Methods: Baseline demographic and CD4+ number and percent pre- and post-ART initiation were analyzed. The relationship between time since ART initiation in weeks and CD4+ count and percent was estimated using linear regression

Results: As of November 2004, MTCT-Plus had included 358 HIV-infected children- 149 (42%) aged 0-18 months, 209 (58%) aged 19 months-15 years; 310 (87%) were ART naive. This analysis included 144 children (49% female) who initiated ART. Median age of children at ART initiation was 19 months (range 2 months – 12 years). Linear regression modeling showed a positive relationship between time post-ART initiation and CD4+. On average, each 6 months on ART was associated with an increase of 129 cells/mm3 and CD4+ of 3.6% (p < 0.0001). This relationship remained after adjustment for gender and age at initiation (p < 0.0001).

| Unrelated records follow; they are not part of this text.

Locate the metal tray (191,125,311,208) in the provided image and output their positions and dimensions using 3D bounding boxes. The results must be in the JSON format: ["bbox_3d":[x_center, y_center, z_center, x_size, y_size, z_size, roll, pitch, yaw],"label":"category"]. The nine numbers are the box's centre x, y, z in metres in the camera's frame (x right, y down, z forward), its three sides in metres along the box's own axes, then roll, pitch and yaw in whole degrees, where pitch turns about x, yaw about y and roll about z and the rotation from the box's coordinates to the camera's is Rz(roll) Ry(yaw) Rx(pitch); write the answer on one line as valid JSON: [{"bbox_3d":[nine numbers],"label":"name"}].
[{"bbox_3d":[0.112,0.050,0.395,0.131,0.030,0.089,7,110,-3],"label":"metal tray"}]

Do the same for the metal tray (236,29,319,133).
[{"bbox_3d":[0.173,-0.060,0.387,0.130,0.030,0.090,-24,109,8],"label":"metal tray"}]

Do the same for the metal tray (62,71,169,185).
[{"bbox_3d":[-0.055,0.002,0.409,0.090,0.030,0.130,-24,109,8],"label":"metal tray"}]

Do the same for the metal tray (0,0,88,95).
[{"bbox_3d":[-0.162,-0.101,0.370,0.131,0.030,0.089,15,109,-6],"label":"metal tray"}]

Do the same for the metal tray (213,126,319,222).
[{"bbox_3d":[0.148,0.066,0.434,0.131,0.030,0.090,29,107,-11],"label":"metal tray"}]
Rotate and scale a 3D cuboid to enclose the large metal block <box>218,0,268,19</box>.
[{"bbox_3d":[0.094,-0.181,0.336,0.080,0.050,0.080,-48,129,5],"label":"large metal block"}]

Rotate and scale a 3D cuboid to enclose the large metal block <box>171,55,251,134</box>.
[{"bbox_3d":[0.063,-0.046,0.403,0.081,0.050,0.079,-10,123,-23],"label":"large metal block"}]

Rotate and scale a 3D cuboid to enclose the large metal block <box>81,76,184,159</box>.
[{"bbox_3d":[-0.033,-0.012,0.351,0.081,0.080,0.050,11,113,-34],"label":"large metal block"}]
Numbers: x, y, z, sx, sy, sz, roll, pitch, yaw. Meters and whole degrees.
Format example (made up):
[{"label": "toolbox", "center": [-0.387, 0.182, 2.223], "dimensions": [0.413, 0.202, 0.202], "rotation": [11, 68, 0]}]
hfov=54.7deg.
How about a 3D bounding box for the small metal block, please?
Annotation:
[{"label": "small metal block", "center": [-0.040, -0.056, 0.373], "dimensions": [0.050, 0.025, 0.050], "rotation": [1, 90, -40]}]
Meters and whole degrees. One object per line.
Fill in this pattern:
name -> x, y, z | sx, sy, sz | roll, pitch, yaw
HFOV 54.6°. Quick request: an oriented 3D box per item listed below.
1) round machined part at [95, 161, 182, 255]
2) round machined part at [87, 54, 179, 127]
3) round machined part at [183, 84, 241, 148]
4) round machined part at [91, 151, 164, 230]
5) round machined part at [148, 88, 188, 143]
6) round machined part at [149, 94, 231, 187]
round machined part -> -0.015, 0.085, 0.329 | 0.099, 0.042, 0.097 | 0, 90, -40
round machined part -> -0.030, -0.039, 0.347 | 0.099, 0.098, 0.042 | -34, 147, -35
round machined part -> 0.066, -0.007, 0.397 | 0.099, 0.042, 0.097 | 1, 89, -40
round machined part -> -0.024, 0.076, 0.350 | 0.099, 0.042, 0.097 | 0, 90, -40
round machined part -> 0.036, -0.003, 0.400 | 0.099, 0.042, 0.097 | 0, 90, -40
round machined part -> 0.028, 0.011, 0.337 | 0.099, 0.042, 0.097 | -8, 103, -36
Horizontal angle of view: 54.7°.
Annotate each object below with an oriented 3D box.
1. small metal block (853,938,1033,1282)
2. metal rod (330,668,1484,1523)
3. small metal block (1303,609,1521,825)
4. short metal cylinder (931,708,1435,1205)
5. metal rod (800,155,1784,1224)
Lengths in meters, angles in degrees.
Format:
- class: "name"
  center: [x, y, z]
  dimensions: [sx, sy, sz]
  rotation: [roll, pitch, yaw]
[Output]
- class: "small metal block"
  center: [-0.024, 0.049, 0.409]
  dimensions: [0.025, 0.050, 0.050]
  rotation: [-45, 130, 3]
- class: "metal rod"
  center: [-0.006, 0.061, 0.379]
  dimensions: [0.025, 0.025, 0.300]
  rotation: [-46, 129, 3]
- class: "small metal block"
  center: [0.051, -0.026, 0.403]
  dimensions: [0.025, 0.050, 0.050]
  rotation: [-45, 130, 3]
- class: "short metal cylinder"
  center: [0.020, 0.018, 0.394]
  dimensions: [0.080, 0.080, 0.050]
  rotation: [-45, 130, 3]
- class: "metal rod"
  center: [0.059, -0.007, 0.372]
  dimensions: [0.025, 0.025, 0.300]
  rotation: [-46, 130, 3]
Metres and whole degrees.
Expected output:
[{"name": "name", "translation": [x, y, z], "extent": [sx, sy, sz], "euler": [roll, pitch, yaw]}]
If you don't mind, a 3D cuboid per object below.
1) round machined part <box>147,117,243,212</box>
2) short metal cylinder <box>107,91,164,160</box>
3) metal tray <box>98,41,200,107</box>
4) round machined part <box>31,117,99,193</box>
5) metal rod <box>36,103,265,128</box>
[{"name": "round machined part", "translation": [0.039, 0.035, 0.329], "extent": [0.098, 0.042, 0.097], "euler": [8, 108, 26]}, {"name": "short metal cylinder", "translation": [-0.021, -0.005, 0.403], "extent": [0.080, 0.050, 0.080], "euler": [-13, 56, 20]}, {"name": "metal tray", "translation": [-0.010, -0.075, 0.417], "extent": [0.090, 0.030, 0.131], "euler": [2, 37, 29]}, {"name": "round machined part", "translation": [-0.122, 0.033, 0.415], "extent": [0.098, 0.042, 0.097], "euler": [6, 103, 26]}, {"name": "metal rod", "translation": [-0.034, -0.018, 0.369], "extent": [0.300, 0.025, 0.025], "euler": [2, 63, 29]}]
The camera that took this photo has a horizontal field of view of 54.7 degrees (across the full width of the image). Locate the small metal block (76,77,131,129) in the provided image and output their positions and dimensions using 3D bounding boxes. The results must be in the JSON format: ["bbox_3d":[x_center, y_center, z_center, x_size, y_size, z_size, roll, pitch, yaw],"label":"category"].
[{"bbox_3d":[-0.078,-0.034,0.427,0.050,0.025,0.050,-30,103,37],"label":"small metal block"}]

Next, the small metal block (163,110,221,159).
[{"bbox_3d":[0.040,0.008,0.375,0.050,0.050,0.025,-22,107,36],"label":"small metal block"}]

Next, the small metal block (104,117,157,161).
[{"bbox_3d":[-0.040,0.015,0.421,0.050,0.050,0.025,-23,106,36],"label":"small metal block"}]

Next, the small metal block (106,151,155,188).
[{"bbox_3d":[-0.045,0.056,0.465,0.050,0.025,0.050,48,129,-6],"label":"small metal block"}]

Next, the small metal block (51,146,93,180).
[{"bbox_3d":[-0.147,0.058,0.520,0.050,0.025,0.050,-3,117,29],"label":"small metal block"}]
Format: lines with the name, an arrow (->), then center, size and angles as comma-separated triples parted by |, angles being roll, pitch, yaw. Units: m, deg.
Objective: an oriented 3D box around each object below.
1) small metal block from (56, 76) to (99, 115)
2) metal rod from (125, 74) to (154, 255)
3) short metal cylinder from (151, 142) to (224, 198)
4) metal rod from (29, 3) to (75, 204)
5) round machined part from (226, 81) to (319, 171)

Conclusions: HIV-infected children in the MTCT-Plus Initiative who initiated ART had a favorable response as measured by CD4+ count and percent. This suggests that ART use in children will be effective in resource-limited settings and highlights the importance of inclusion of children in HIV treatment programs.

The 3rd IAS Conference on HIV Pathogenesis and Treatment
Abstract no. MoPe11.6C28

Suggested Citation
"AbramsE., et al. Response to antiretroviral therapy in children enrolled in the Columbia MTCT-Plus Initiative. Poster Exhibition: The 3rd IAS Conference on HIV Pathogenesis and Treatment: Abstract no. MoPe11.6C28"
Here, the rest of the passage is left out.